Input:

——

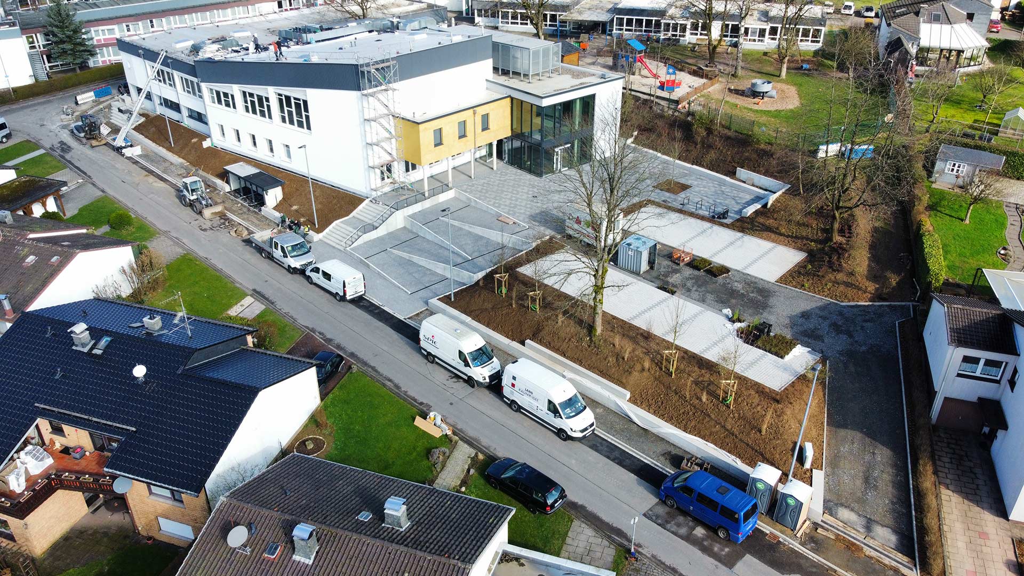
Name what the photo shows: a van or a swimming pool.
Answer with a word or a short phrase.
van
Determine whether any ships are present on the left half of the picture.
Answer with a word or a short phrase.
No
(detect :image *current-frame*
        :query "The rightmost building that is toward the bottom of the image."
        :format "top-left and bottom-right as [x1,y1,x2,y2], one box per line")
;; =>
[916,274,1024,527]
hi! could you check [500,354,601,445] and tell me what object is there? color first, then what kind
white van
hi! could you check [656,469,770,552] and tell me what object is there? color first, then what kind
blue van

——

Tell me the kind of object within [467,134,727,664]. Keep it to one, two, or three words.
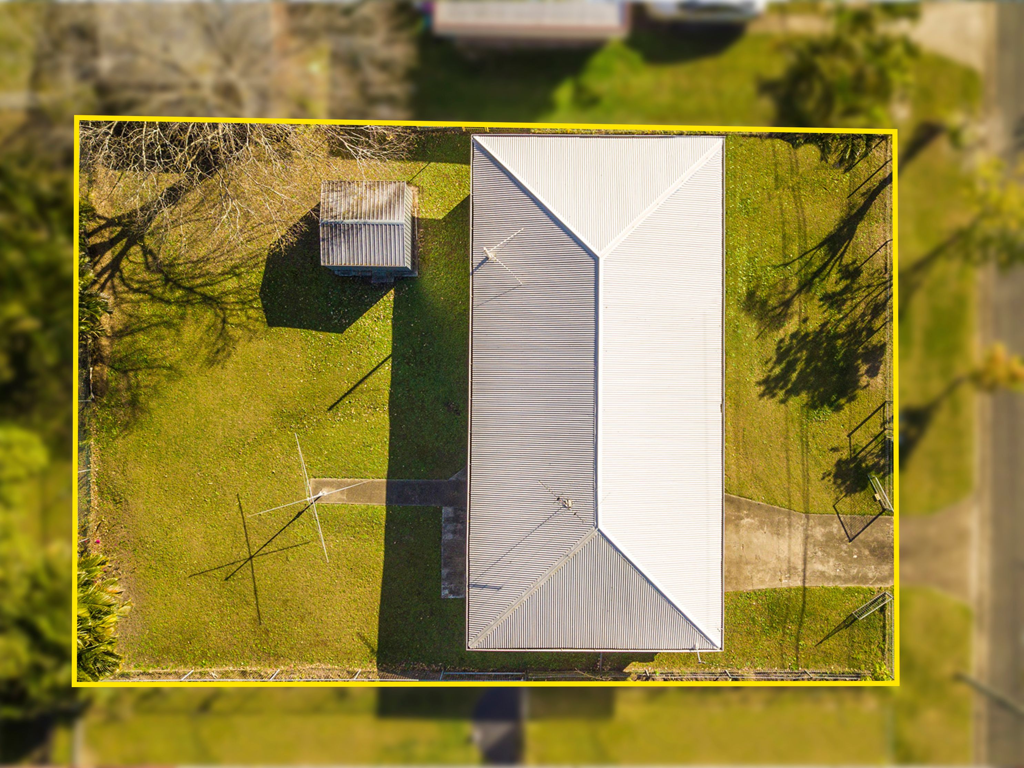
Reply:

——

What the exercise asks:
Whenever a line in the material contains the word "bottom", copy that line.

Answer for this exercise:
        :query "The rightmost building that is toward the bottom of the image."
        :format "top-left and bottom-right as [x1,y1,x2,y2], one box per line")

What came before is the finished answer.